## YOUR ASSIGNMENT
Give back exactly the lines of the data below, starting with the line that has "md5=a8f6593f95ffd3877ab190a6e89b45fa" and going on through the line that has "create-version=1".

## RECORDS FOR PROCESSING
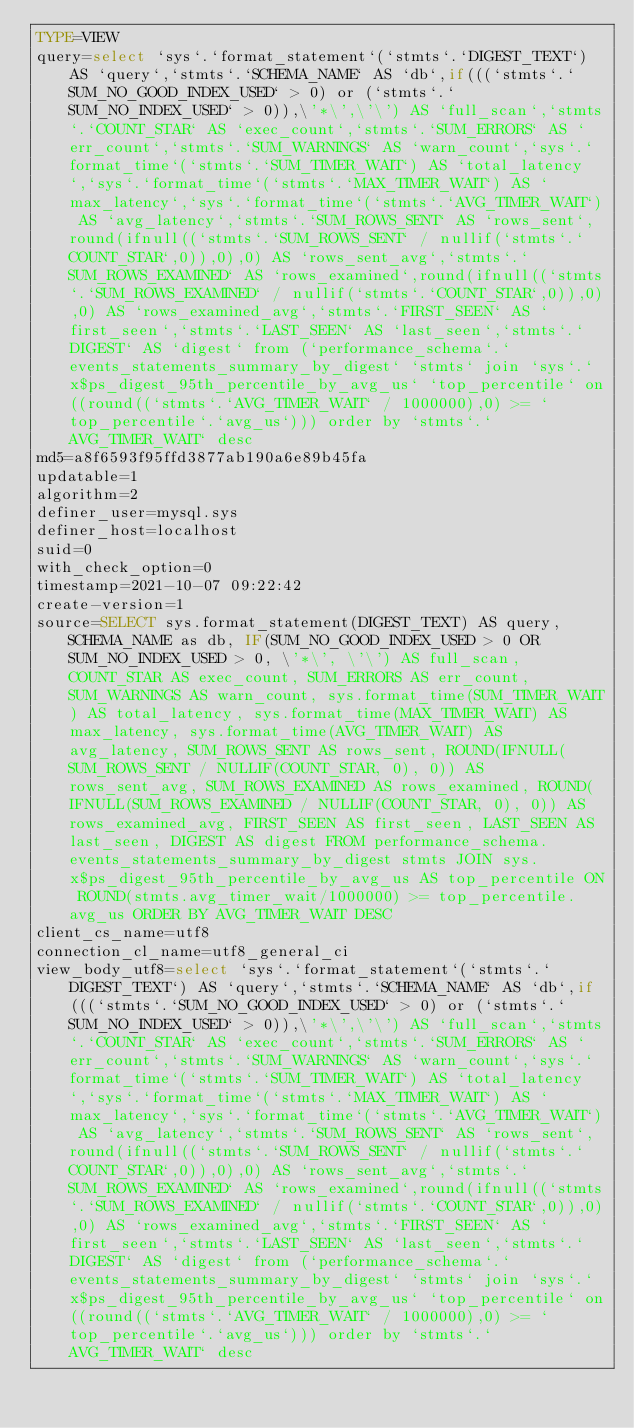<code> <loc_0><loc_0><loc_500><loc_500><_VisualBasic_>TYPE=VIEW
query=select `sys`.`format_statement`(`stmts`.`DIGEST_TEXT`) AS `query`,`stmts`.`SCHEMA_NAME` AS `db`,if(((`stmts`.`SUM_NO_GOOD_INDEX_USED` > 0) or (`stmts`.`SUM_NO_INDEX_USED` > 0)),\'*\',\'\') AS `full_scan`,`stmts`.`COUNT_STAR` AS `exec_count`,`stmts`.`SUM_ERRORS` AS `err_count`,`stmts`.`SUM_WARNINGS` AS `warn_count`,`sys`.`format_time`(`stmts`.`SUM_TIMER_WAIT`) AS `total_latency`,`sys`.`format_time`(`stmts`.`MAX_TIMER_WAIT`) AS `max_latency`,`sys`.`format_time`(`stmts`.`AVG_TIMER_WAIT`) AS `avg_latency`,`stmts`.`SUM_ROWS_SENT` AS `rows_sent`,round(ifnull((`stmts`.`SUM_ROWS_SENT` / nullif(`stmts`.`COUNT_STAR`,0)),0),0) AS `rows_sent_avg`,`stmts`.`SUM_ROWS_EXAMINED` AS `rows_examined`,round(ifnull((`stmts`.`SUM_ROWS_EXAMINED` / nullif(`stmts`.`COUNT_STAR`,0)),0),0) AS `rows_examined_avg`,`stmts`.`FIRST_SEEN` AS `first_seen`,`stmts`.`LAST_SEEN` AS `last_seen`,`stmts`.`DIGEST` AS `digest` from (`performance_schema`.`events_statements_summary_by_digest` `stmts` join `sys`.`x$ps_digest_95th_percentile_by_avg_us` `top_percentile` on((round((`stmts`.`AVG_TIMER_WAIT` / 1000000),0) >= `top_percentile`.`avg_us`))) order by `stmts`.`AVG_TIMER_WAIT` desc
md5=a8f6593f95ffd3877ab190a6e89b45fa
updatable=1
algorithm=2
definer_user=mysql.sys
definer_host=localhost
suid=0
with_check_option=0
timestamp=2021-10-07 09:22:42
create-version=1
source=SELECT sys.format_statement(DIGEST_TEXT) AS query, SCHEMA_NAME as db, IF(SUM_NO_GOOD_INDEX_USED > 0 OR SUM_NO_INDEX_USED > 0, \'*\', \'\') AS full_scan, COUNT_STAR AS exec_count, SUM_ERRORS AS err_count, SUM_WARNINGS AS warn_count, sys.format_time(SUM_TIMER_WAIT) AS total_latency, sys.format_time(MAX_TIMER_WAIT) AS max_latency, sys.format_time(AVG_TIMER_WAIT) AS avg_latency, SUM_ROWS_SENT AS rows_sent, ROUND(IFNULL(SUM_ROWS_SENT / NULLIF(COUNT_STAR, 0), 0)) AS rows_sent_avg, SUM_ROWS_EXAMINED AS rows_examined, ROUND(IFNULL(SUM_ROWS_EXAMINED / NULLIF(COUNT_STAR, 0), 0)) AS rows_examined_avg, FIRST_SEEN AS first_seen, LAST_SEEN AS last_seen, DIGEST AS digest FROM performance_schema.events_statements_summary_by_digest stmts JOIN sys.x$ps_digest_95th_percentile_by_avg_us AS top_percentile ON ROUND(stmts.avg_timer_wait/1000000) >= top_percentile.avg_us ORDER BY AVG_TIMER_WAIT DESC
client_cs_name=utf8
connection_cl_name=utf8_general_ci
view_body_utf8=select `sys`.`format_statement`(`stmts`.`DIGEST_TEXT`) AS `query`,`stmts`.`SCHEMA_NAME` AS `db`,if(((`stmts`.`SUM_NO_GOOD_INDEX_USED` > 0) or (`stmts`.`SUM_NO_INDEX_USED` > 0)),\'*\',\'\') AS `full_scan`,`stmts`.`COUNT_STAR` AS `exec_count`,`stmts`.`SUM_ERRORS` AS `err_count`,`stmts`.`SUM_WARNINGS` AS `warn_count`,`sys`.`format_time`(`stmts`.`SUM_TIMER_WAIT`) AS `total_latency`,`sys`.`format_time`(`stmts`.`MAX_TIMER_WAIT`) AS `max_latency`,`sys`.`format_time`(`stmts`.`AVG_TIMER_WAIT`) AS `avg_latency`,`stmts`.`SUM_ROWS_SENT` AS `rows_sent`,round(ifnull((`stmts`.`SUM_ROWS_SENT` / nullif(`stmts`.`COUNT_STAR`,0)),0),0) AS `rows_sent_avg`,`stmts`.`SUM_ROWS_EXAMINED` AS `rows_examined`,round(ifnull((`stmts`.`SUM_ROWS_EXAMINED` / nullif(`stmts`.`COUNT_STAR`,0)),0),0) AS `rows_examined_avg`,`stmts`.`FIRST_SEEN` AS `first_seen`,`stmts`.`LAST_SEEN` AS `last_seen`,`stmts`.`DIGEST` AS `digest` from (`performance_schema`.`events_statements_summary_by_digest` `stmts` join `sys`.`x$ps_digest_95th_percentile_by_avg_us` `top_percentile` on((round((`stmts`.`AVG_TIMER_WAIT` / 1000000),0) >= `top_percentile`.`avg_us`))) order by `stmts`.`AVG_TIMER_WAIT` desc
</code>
---
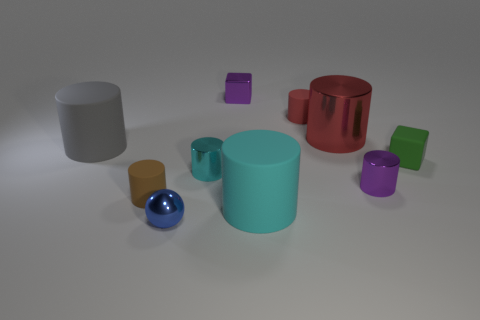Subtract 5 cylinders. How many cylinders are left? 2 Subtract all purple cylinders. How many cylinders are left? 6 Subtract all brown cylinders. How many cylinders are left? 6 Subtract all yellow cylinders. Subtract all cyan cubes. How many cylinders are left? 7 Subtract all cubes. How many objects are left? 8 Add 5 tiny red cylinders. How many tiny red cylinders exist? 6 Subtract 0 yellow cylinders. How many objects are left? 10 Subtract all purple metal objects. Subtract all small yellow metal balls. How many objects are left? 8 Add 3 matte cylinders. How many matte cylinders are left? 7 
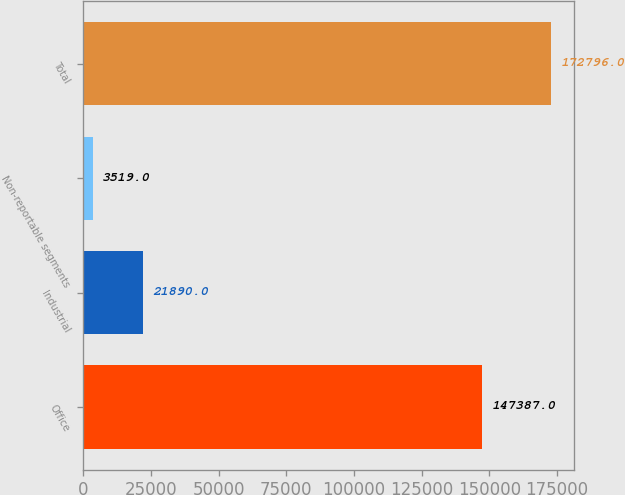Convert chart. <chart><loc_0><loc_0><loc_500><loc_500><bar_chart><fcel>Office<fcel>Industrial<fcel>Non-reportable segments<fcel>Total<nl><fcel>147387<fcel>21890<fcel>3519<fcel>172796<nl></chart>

## ANSWER TO THIS EXERCISE
md5=a8f6593f95ffd3877ab190a6e89b45fa
updatable=1
algorithm=2
definer_user=mysql.sys
definer_host=localhost
suid=0
with_check_option=0
timestamp=2021-10-07 09:22:42
create-version=1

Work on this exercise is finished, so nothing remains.